What needs to be done: Restate each line below word for word, skipping every picture.

Data for review:
═══

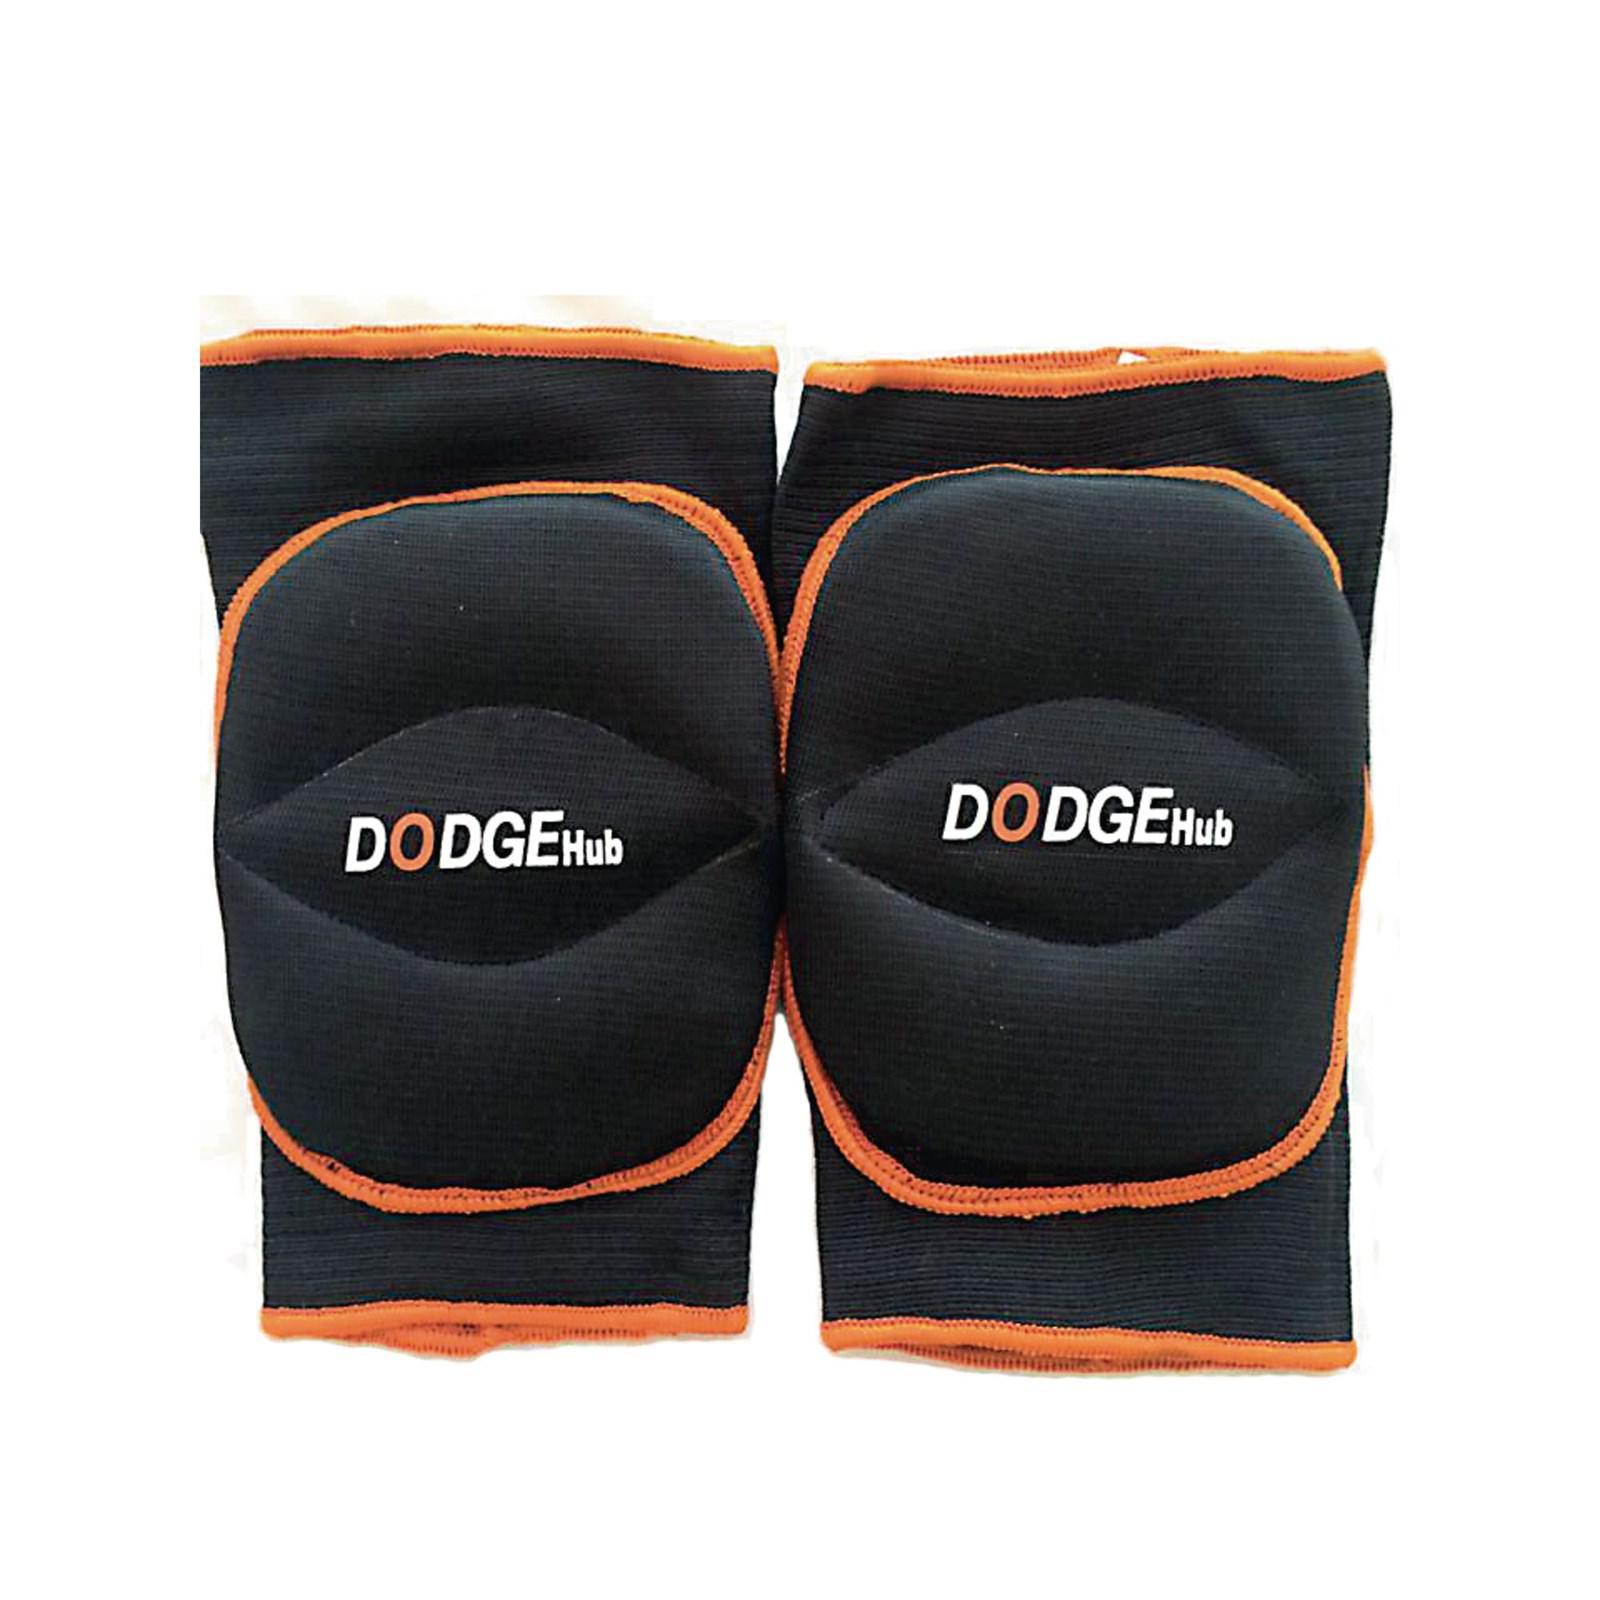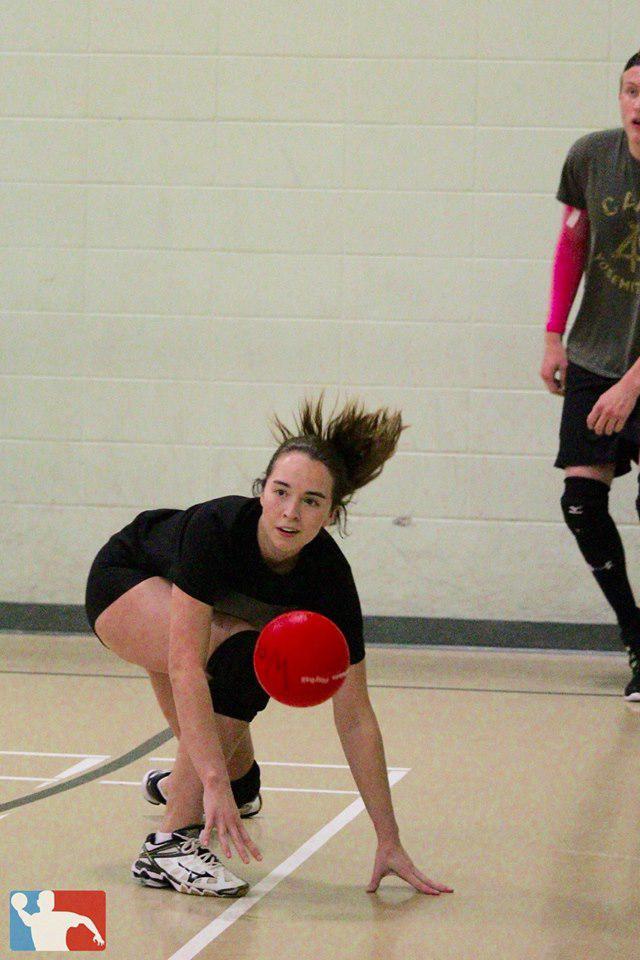The first image is the image on the left, the second image is the image on the right. Examine the images to the left and right. Is the description "The left and right image contains a total of two women playing volleyball." accurate? Answer yes or no. No. The first image is the image on the left, the second image is the image on the right. Given the left and right images, does the statement "One image features an upright girl reaching toward a volleyball with at least one foot off the ground, and the other image features a girl on at least one knee with a volleyball in front of one arm." hold true? Answer yes or no. No. 
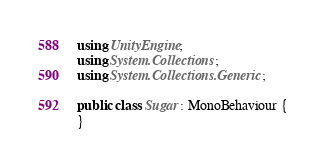<code> <loc_0><loc_0><loc_500><loc_500><_C#_>using UnityEngine;
using System.Collections;
using System.Collections.Generic;

public class Sugar : MonoBehaviour {
}
</code> 
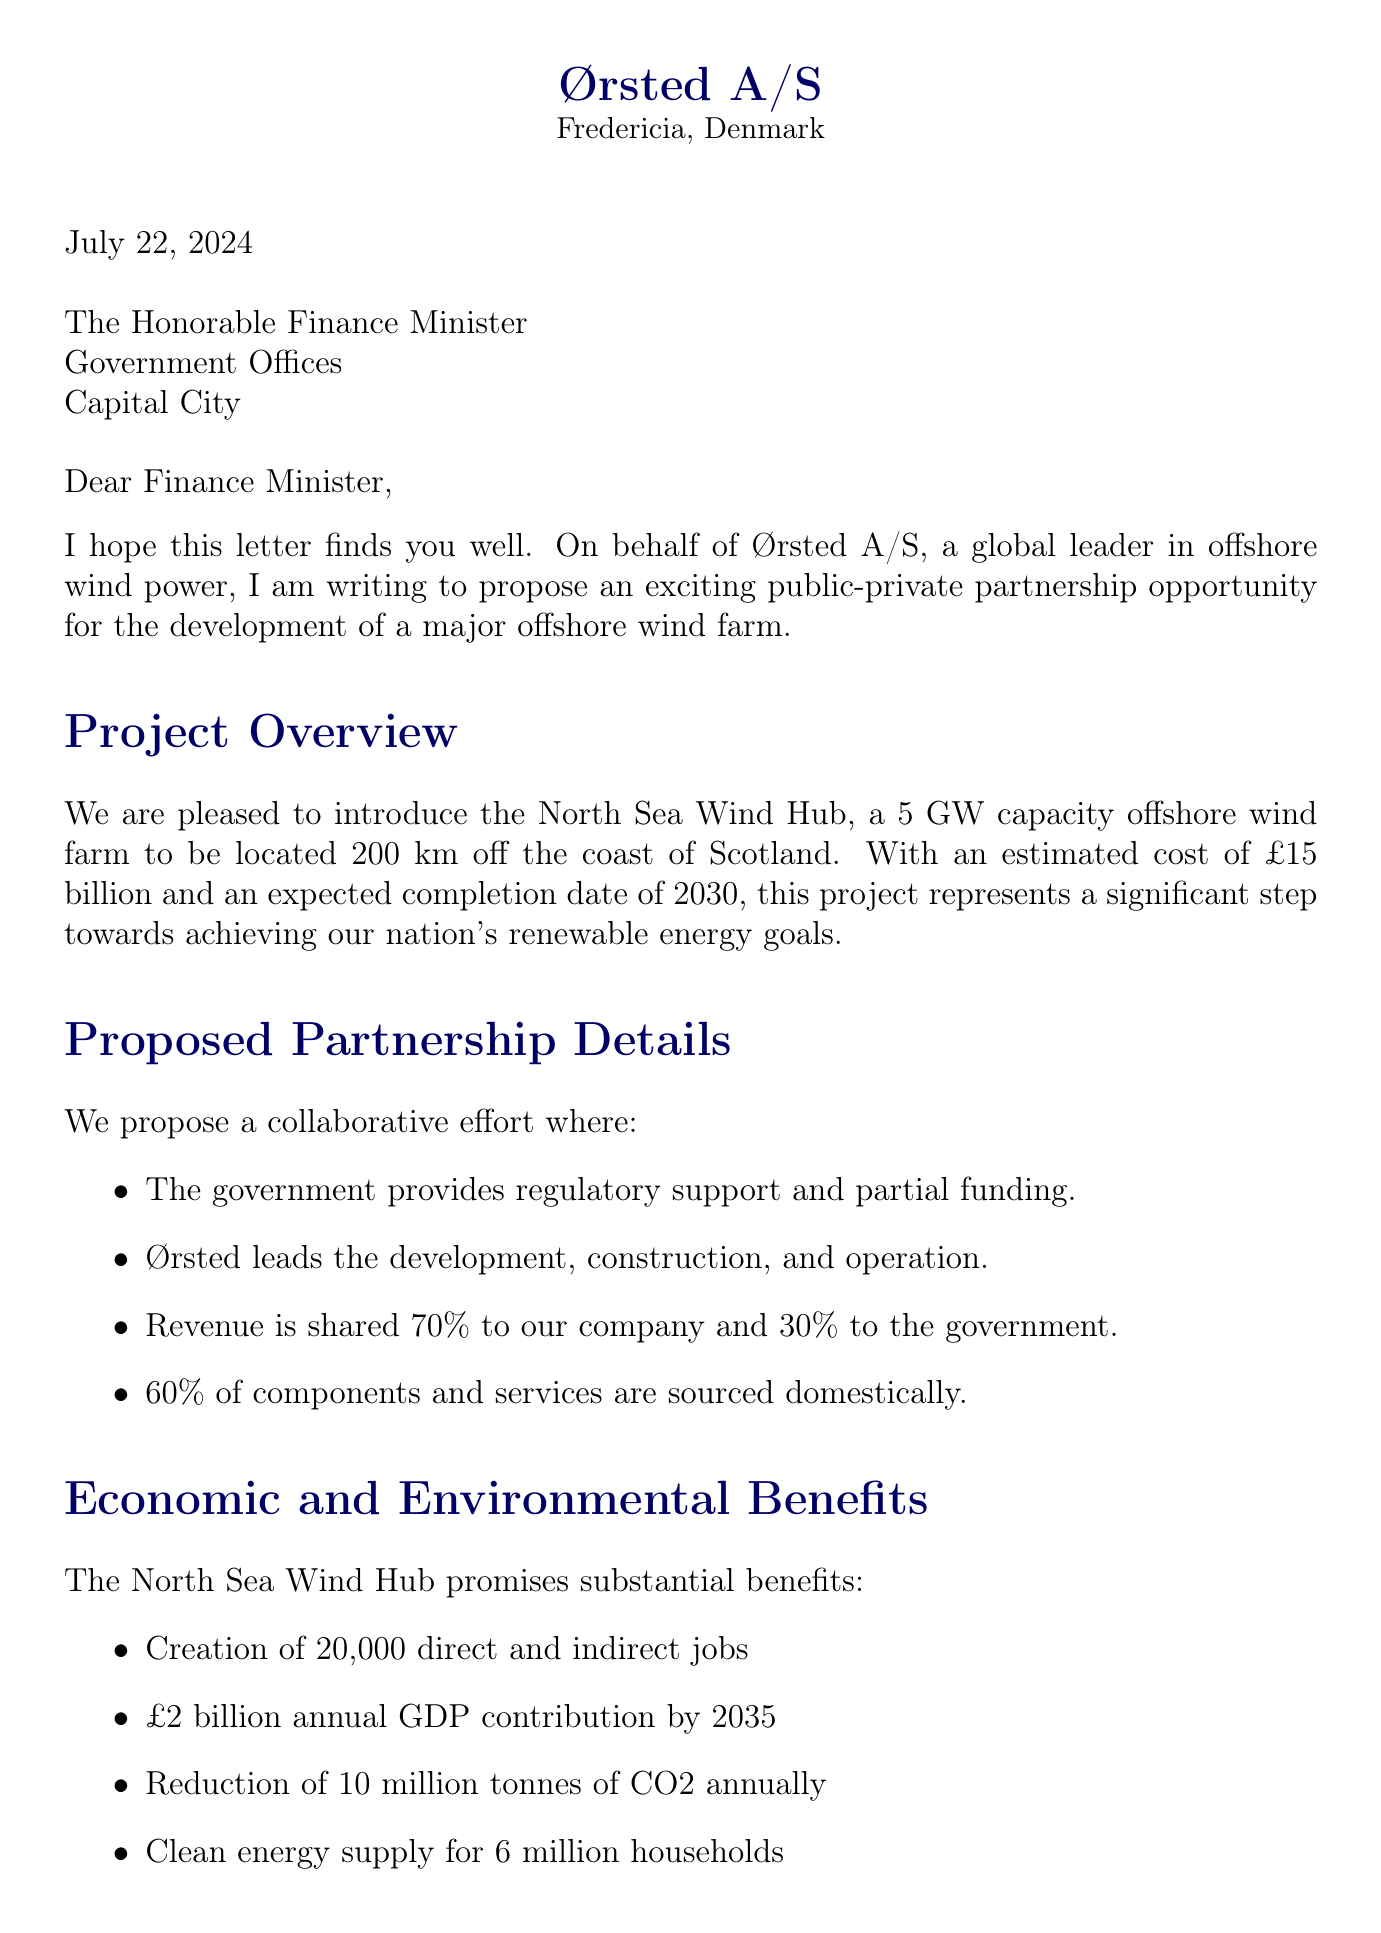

═══

Result for this task:
The first image is the image on the left, the second image is the image on the right. Examine the images to the left and right. Is the description "The left and right image contains a total of two women playing volleyball." accurate? Answer yes or no. No. The first image is the image on the left, the second image is the image on the right. Given the left and right images, does the statement "One image features an upright girl reaching toward a volleyball with at least one foot off the ground, and the other image features a girl on at least one knee with a volleyball in front of one arm." hold true? Answer yes or no. No. 
<code> <loc_0><loc_0><loc_500><loc_500><_C#_>using UnityEngine;
using System.Collections;
using System.Collections.Generic;

public class Sugar : MonoBehaviour {
}
</code> 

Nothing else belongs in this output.